Without including the pictures, copy each line below exactly as it reads.
★ ★ ★ ★ ★ ★ ★
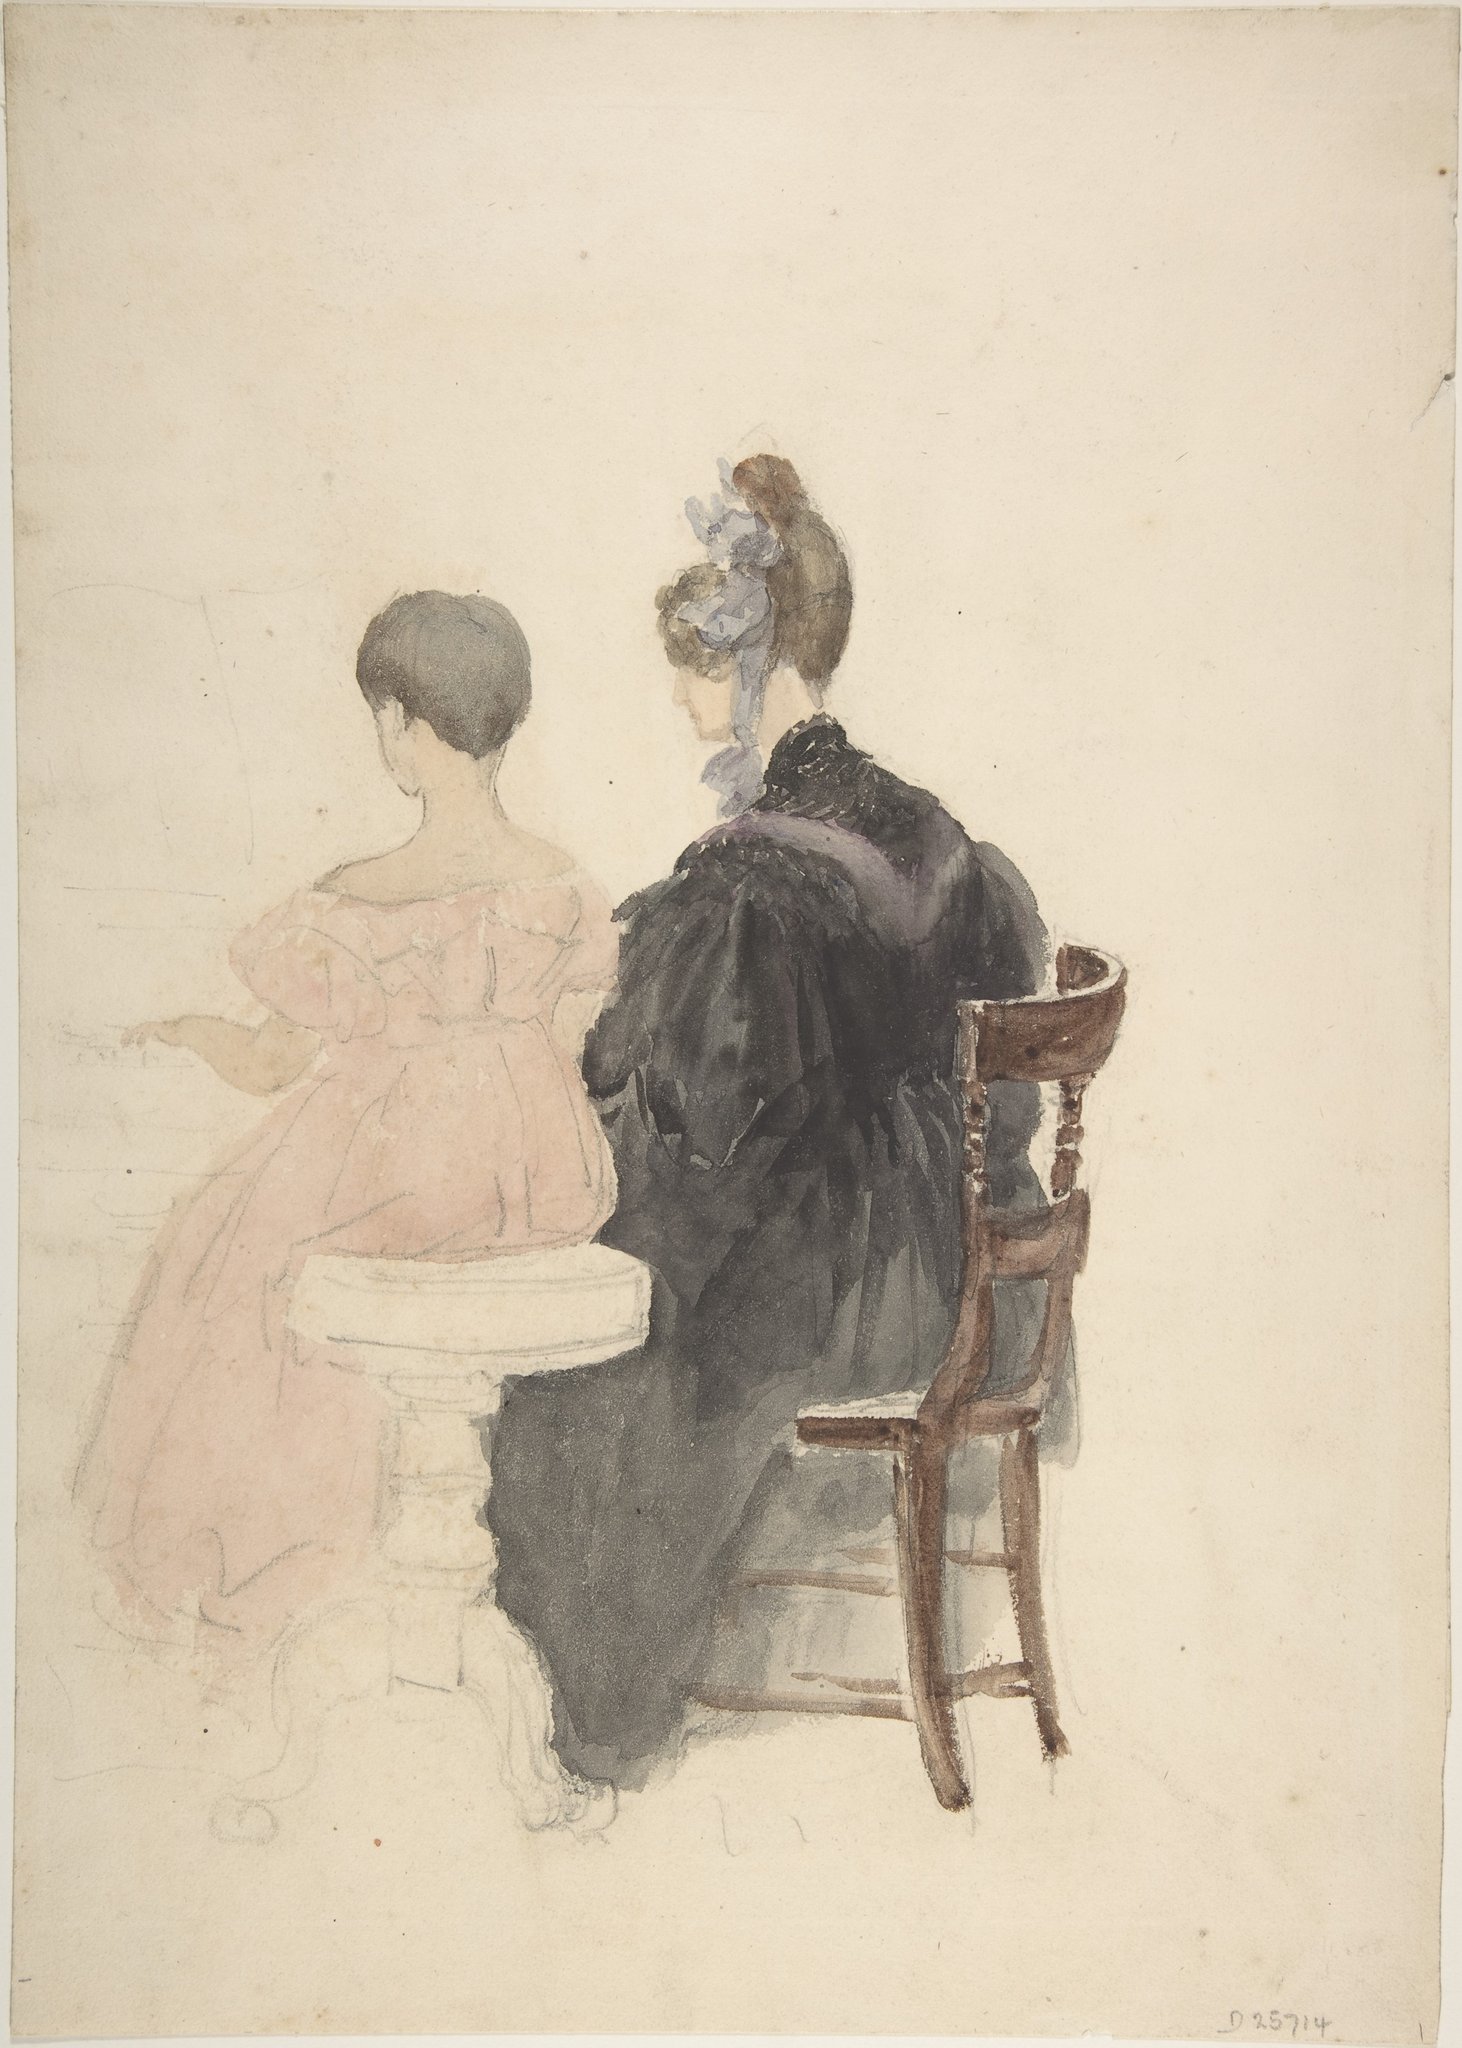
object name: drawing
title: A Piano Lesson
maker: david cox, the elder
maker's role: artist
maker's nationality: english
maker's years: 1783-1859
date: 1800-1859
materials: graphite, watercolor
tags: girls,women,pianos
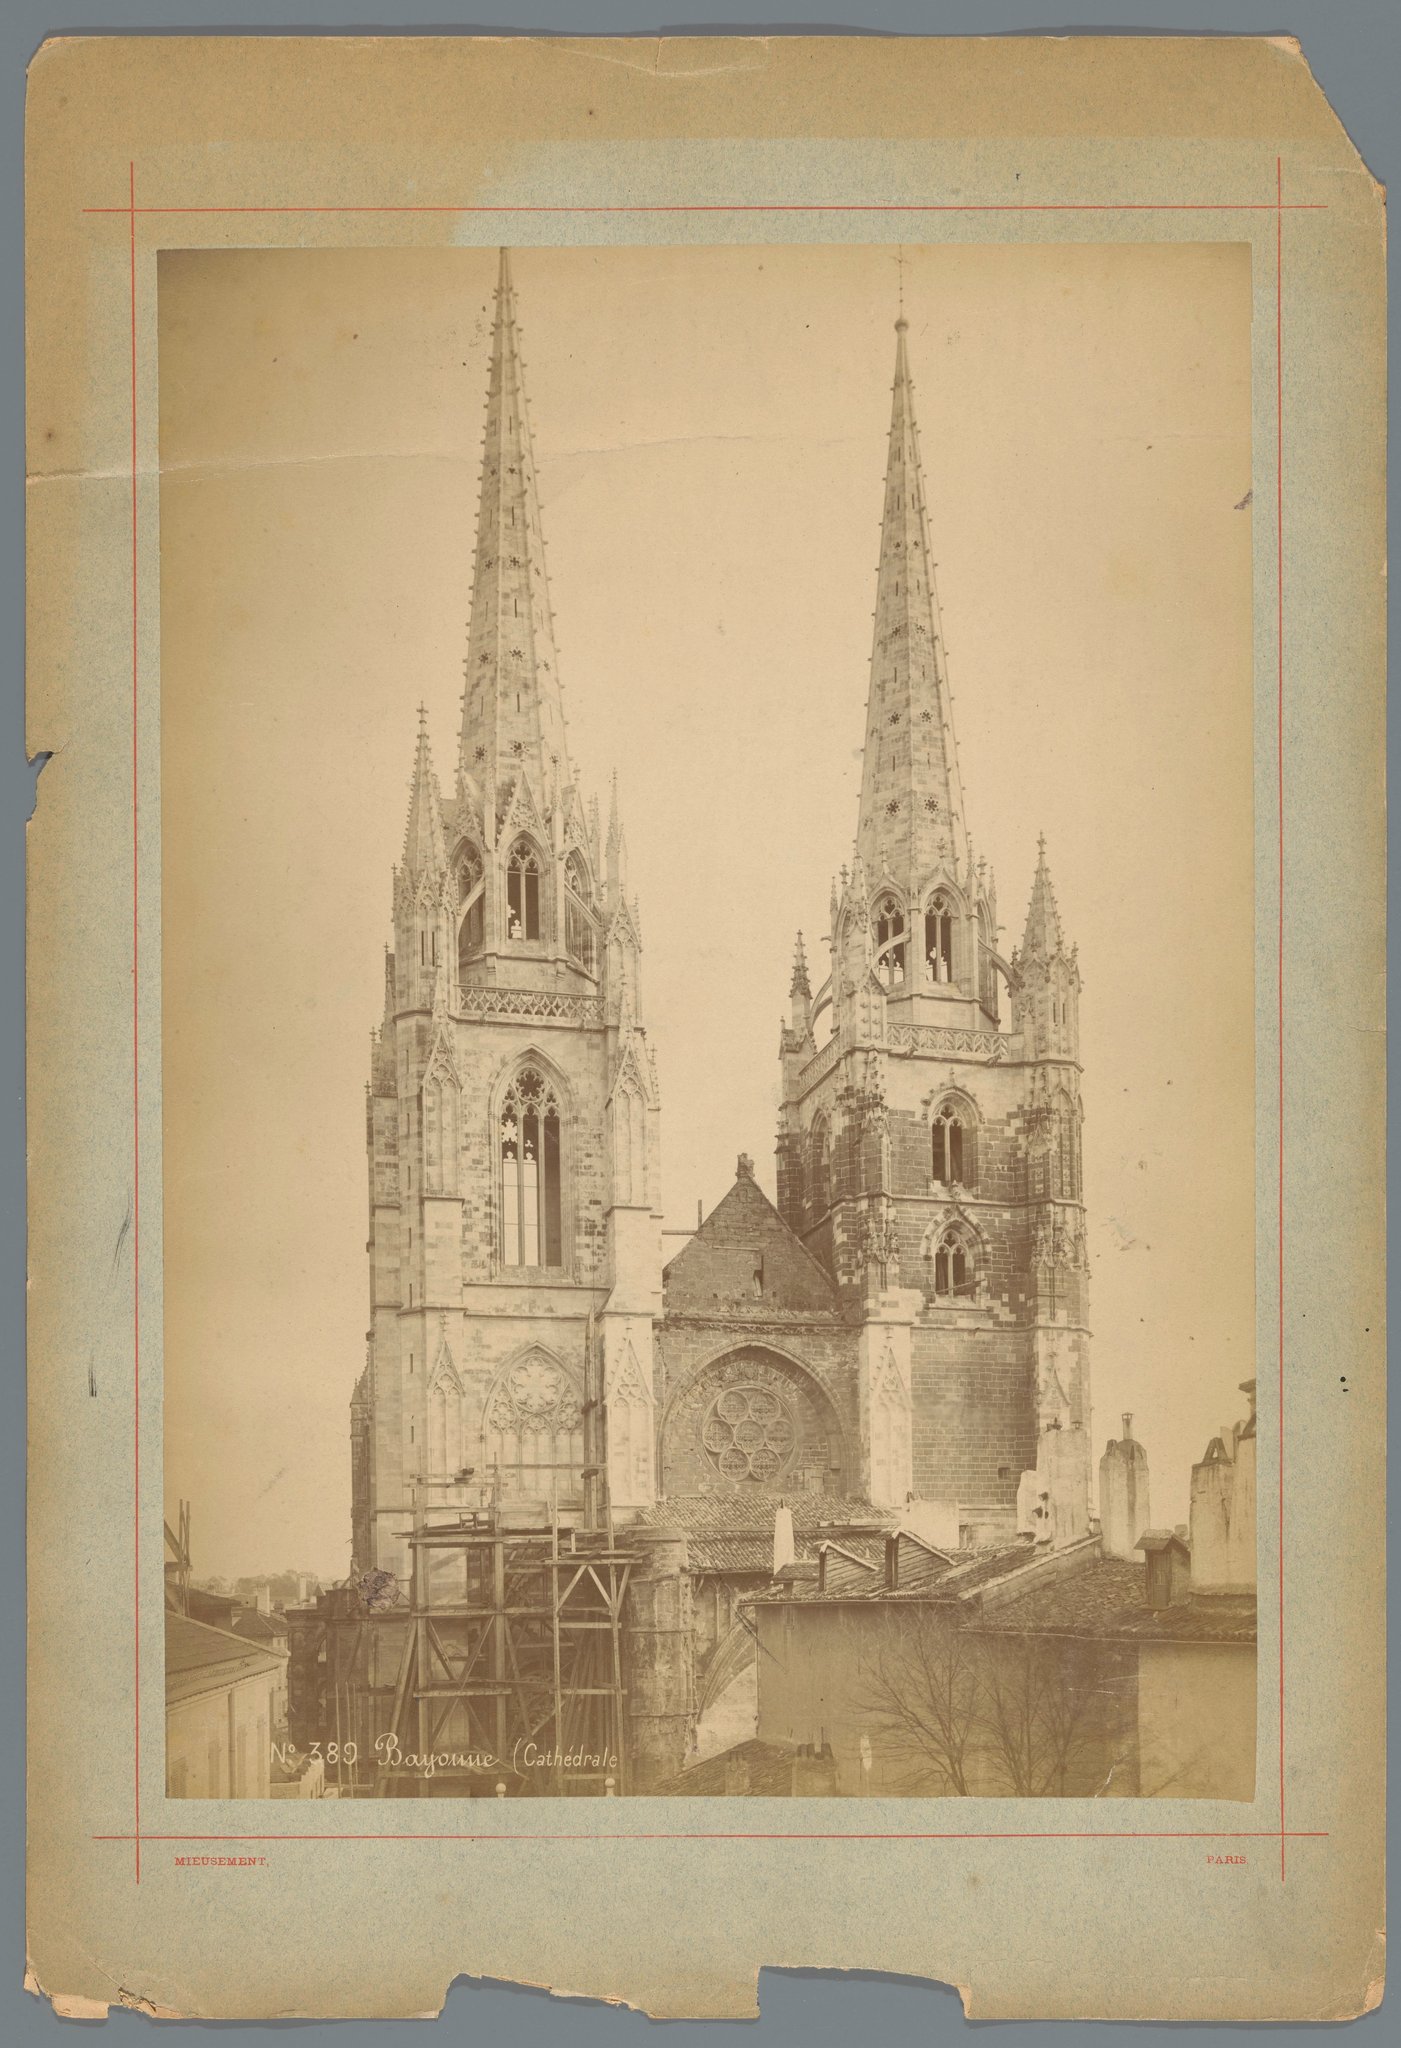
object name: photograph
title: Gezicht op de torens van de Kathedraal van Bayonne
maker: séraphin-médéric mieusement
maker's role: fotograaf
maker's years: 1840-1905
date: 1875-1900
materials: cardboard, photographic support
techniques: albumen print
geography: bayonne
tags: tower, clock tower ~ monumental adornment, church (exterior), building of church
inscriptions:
★ ★ ★ ★ ★ ★ ★
* **Answer for this exercise**:
object name: drawing
title: A Piano Lesson
maker: david cox, the elder
maker's role: artist
maker's nationality: english
maker's years: 1783-1859
date: 1800-1859
materials: graphite, watercolor
tags: girls,women,pianos
object name: photograph
title: Gezicht op de torens van de Kathedraal van Bayonne
maker: séraphin-médéric mieusement
maker's role: fotograaf
maker's years: 1840-1905
date: 1875-1900
materials: cardboard, photographic support
techniques: albumen print
geography: bayonne
tags: tower, clock tower ~ monumental adornment, church (exterior), building of church
inscriptions:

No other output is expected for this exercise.